> **Task to complete**: Output the data once more, exactly as given.

> **Collection entries**:

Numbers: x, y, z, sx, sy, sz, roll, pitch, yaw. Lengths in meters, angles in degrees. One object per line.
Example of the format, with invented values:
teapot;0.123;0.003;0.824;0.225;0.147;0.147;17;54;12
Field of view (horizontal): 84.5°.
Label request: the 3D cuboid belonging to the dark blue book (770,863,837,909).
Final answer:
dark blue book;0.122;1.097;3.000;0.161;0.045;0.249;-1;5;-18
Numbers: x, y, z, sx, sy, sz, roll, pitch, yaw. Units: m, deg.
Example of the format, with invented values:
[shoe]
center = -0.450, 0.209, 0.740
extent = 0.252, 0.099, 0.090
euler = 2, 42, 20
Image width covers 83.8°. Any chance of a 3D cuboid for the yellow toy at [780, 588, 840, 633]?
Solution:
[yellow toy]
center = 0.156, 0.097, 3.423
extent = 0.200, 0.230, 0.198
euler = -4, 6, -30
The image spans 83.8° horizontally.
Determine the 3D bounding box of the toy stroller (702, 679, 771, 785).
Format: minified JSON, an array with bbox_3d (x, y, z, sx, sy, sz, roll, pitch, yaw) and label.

> **Answer space**:
Numbers: x, y, z, sx, sy, sz, roll, pitch, yaw. Lengths in meters, angles in degrees. One object per line.
Example of the format, with invented values:
teapot;0.123;0.003;0.824;0.225;0.147;0.147;17;54;12
Field of view (horizontal): 84.5°.
Label request: the 3D cuboid belonging to the dark blue book (770,863,837,909).
Final answer:
dark blue book;0.122;1.097;3.000;0.161;0.045;0.249;-1;5;-18
Numbers: x, y, z, sx, sy, sz, roll, pitch, yaw. Units: m, deg.
Example of the format, with invented values:
[shoe]
center = -0.450, 0.209, 0.740
extent = 0.252, 0.099, 0.090
euler = 2, 42, 20
Image width covers 83.8°. Any chance of a 3D cuboid for the yellow toy at [780, 588, 840, 633]?
Solution:
[yellow toy]
center = 0.156, 0.097, 3.423
extent = 0.200, 0.230, 0.198
euler = -4, 6, -30
The image spans 83.8° horizontally.
Determine the 3D bounding box of the toy stroller (702, 679, 771, 785).
Format: minified JSON, an array with bbox_3d (x, y, z, sx, sy, sz, roll, pitch, yaw) and label.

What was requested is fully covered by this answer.